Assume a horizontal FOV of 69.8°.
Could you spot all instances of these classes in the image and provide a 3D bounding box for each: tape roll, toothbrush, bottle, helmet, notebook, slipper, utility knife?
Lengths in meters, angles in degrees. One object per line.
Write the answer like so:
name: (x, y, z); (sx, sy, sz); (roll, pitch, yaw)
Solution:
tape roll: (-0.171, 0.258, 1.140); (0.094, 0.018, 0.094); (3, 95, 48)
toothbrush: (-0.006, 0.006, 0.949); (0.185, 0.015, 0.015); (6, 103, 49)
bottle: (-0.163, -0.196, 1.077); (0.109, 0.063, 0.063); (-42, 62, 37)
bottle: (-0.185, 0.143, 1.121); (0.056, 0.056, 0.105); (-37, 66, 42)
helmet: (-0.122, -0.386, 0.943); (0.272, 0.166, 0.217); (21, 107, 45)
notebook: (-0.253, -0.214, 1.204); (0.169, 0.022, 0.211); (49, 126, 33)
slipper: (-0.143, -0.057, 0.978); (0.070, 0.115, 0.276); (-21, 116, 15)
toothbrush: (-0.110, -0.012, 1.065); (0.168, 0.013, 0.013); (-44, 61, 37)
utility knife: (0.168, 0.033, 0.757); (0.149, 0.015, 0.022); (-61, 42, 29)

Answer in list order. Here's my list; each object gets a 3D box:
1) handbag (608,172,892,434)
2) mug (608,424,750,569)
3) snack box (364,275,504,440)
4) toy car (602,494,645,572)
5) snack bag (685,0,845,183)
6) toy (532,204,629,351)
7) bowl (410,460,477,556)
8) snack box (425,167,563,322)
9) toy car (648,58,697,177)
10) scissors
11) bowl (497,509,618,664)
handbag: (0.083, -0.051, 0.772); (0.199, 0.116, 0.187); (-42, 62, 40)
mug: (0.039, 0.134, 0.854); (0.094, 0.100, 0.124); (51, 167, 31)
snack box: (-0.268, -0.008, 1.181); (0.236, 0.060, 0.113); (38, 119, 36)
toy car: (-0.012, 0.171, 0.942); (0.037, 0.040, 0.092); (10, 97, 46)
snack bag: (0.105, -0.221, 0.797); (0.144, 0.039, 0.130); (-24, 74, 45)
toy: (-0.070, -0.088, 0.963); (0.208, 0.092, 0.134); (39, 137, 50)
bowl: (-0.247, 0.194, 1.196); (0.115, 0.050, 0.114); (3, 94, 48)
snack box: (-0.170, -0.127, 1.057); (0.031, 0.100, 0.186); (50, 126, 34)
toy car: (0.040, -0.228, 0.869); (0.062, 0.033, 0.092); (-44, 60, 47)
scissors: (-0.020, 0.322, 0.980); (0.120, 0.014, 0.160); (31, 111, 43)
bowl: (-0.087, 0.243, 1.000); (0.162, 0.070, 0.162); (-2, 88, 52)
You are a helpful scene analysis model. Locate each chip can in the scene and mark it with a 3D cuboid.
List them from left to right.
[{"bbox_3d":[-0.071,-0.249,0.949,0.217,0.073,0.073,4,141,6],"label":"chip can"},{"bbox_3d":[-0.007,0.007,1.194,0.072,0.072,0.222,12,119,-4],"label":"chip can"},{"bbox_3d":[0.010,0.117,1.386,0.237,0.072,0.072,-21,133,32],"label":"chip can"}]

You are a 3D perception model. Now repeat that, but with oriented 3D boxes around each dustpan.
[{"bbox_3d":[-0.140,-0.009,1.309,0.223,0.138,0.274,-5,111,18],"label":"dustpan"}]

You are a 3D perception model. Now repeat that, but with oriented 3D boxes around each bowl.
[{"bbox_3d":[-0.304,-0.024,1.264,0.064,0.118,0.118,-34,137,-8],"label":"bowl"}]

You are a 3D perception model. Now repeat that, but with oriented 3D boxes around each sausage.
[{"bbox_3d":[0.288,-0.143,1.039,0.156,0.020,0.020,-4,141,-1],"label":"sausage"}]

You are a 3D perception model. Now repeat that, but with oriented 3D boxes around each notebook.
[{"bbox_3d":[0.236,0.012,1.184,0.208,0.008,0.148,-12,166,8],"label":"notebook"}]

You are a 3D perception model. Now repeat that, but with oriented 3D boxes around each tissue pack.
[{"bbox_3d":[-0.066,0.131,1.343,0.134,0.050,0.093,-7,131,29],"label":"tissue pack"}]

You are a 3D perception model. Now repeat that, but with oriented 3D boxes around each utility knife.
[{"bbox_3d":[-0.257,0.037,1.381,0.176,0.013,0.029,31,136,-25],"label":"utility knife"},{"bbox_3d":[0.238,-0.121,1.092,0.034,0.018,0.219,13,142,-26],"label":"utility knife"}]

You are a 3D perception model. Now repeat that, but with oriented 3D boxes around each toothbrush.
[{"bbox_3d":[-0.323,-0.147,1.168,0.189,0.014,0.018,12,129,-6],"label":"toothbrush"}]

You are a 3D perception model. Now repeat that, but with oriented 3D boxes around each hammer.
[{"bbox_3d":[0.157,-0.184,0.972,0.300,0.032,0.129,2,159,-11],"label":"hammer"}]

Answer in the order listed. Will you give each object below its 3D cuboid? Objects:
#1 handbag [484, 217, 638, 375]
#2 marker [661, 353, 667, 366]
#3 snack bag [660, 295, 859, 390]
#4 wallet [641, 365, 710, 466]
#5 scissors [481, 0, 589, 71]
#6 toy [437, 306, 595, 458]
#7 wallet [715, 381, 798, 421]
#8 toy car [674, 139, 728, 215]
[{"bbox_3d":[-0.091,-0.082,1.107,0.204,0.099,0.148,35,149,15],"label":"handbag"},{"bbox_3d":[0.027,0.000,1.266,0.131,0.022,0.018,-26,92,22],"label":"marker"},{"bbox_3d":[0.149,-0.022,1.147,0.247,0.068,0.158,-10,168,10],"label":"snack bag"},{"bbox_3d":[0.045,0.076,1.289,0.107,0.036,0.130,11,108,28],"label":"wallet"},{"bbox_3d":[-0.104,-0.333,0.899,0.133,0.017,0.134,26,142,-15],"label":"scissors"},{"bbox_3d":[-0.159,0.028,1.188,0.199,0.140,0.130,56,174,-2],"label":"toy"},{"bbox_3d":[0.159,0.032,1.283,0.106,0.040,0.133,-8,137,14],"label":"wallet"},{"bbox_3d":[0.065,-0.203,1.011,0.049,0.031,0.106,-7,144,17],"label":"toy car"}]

══════

» WORK INSTRUCTIONS
Above are the lines; repeat exactly the ones from the line containing "Could you spot" down to the line containing "10) scissors", both inclusive.

» SOLUTION
Could you spot all instances of these classes in the image and provide a 3D bounding box for each: tape roll, toothbrush, bottle, helmet, notebook, slipper, utility knife?
Lengths in meters, angles in degrees. One object per line.
Write the answer like so:
name: (x, y, z); (sx, sy, sz); (roll, pitch, yaw)
Solution:
tape roll: (-0.171, 0.258, 1.140); (0.094, 0.018, 0.094); (3, 95, 48)
toothbrush: (-0.006, 0.006, 0.949); (0.185, 0.015, 0.015); (6, 103, 49)
bottle: (-0.163, -0.196, 1.077); (0.109, 0.063, 0.063); (-42, 62, 37)
bottle: (-0.185, 0.143, 1.121); (0.056, 0.056, 0.105); (-37, 66, 42)
helmet: (-0.122, -0.386, 0.943); (0.272, 0.166, 0.217); (21, 107, 45)
notebook: (-0.253, -0.214, 1.204); (0.169, 0.022, 0.211); (49, 126, 33)
slipper: (-0.143, -0.057, 0.978); (0.070, 0.115, 0.276); (-21, 116, 15)
toothbrush: (-0.110, -0.012, 1.065); (0.168, 0.013, 0.013); (-44, 61, 37)
utility knife: (0.168, 0.033, 0.757); (0.149, 0.015, 0.022); (-61, 42, 29)

Answer in list order. Here's my list; each object gets a 3D box:
1) handbag (608,172,892,434)
2) mug (608,424,750,569)
3) snack box (364,275,504,440)
4) toy car (602,494,645,572)
5) snack bag (685,0,845,183)
6) toy (532,204,629,351)
7) bowl (410,460,477,556)
8) snack box (425,167,563,322)
9) toy car (648,58,697,177)
10) scissors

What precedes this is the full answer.